Outage incident and our new monitoring setup

By on September 16, 2010

Today around 18:00 GMT two of our front end servers ran into the limit of our Apache’s MaxClient configuration. After receiving Pingdom alerts it took us 10 minutes to find the problem, change the setting, and reload Apache. During that time you may have noticed poor performance and timeouts, for that we apologize.

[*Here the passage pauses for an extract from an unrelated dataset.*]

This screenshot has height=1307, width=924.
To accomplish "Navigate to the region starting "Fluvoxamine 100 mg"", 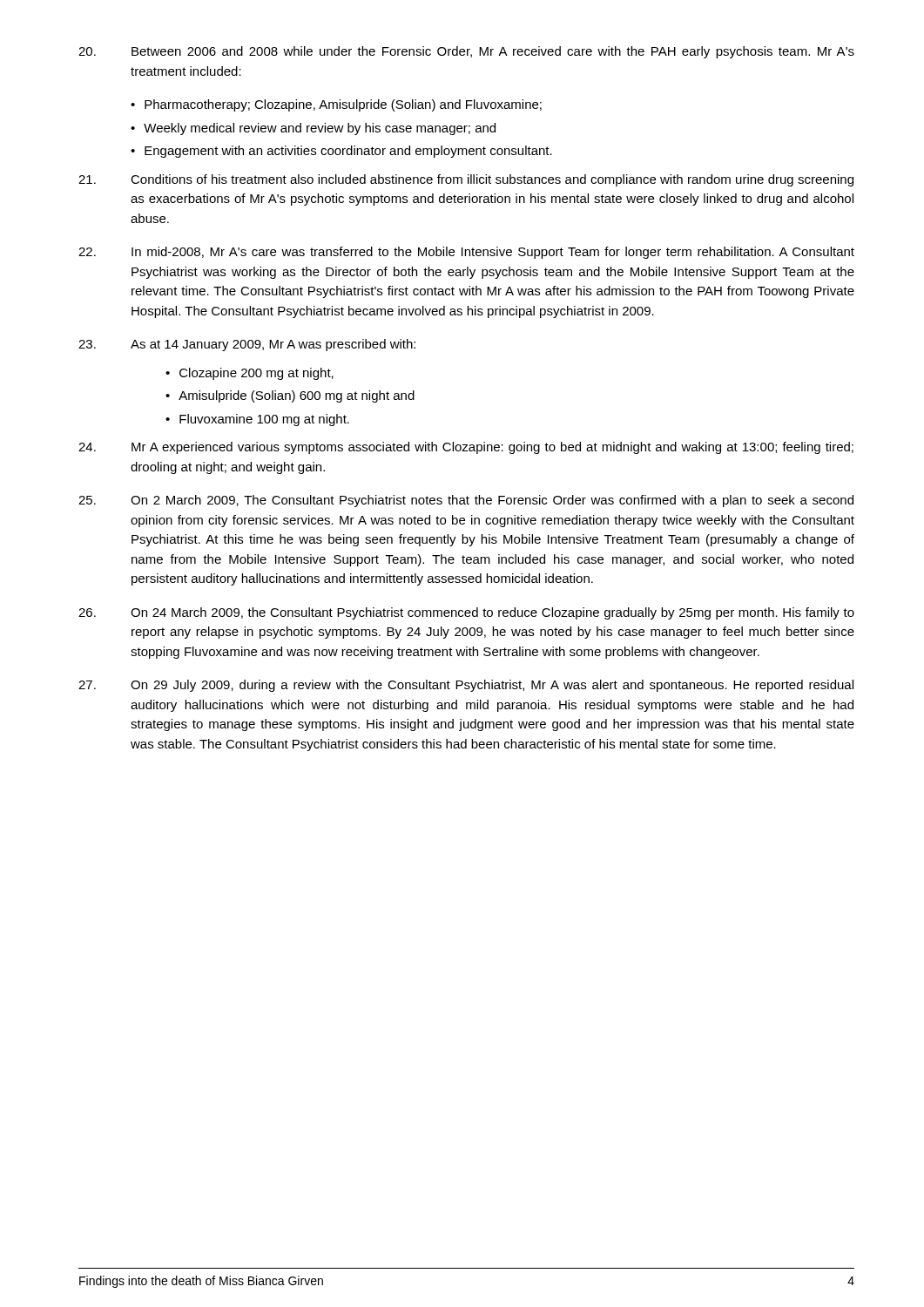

Our analysis points to some legacy HTTP load-balancing code left over from when we ran Bitbucket on EC2. We’re implementing a fix and will deploy the fix production soon.

Since switching off EC2, we’ve been working hard to improve our monitoring, which will help in times like this. For instance, we’re testing Monit, which could have automatically detected this problem and bounced Apache. We’re also working to expand the live functional, including Mercurial operations such as checkouts, using Twill and Kong.

For those of you interested in our hardware setup, the new front end machines each have 16 cores with 32GB of RAM. Since migrating from EC2 to Contegix we’ve rarely seen the load over 2 (~12% load) whereas we were at or beyond 100% load on EC2.

  • http://twitter.com/Twirrim Twirrim

    Zabbix will give you similar functionality too, if you want to mix in resource monitoring and graphing too.

  • http://www.paulgraydon.co.uk Twirrim

    Zabbix will give you similar functionality too, if you want to mix in resource monitoring and graphing too.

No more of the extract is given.